Find out if you have a BMX track in your area. Buy a good hardtail and use the money you saved to pick up a good used BMX bike. Taking your kid to a bmx track will make a huge difference in your kids mountain biking. My 2 are not very good on the BMX track but it forces them to learn how to use momentum to flow from one obstacle to another, they're forced to get off the seat and peddle agressively, to use their upper body. Just a few weeks of riding bmx make a very noticeable difference on the trail.


----------



## paddler28 (Apr 4, 2010)

jlc30 said:


> Find out if you have a BMX track in your area. Buy a good hardtail and use the money you saved to pick up a good used BMX bike. Taking your kid to a bmx track will make a huge difference in your kids mountain biking. My 2 are not very good on the BMX track but it forces them to learn how to use momentum to flow from one obstacle to another, they're forced to get off the seat and peddle agressively, to use their upper body. Just a few weeks of riding bmx make a very noticeable difference on the trail.

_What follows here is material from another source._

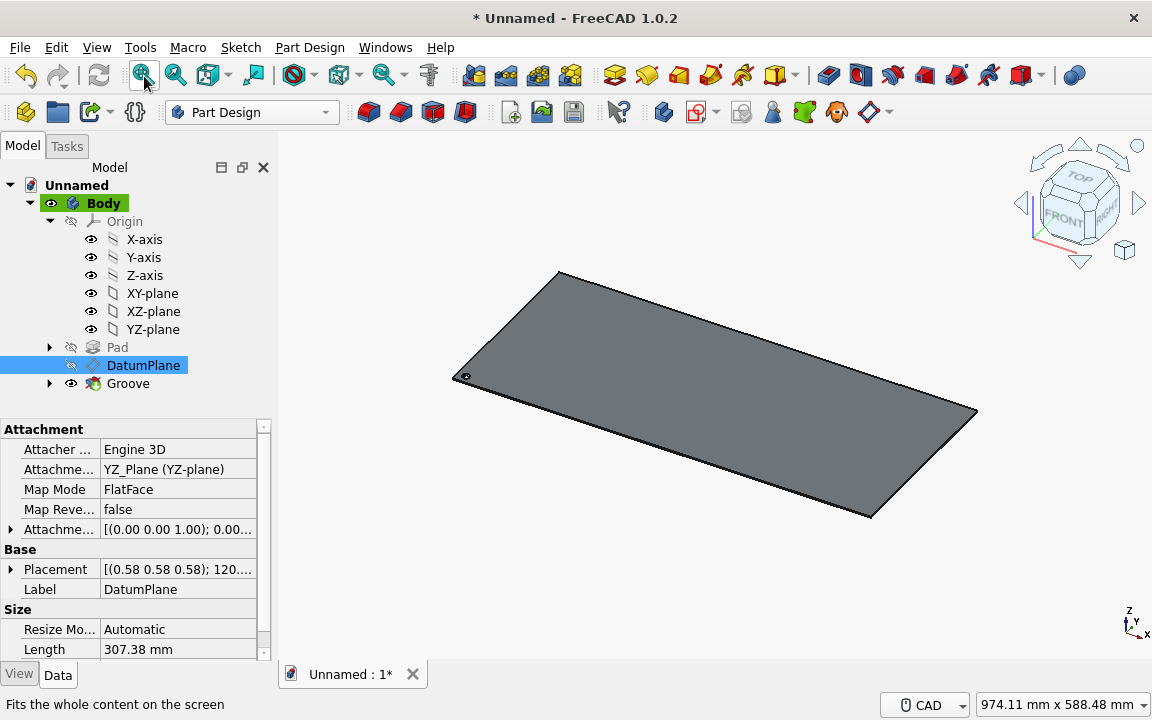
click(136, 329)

Thanks. That is good advice. Had been thinking a good used BMX and a full suspension would give the best of both worlds, but the weight difference probably isn't worth it.

When asking around a bike builder did send me a photo of this custom built FS bike set up for a 6 year old! The photo is pre painting and cost him about $3000 US ($5000 NZ) but the boy is now riding the shuttles to go up and down grade 3 trails at Rotorua (New Zealand's MTB Mecca).


----------



## paddler28 (Apr 4, 2010)

RideEverything said:


> Most FS kids bikes lack standover clearance. As well children generally don't weigh enough to get the full benefit out the suspension on a FS bike. Just make sure the forks are set up appropriately to your child's weight.
> 
> As for smoothing out the rough stuff on the trail larger volume tires help with that.
> 
> Not sure where you and and your child are riding but in the Whistler Bike Park the majority of the kids (12 and under) I coach and see there are riding hardtail bikes. There are few kids I have seen riding FS bikes in the park but they are killing it and would put most adult's bike skills to shame!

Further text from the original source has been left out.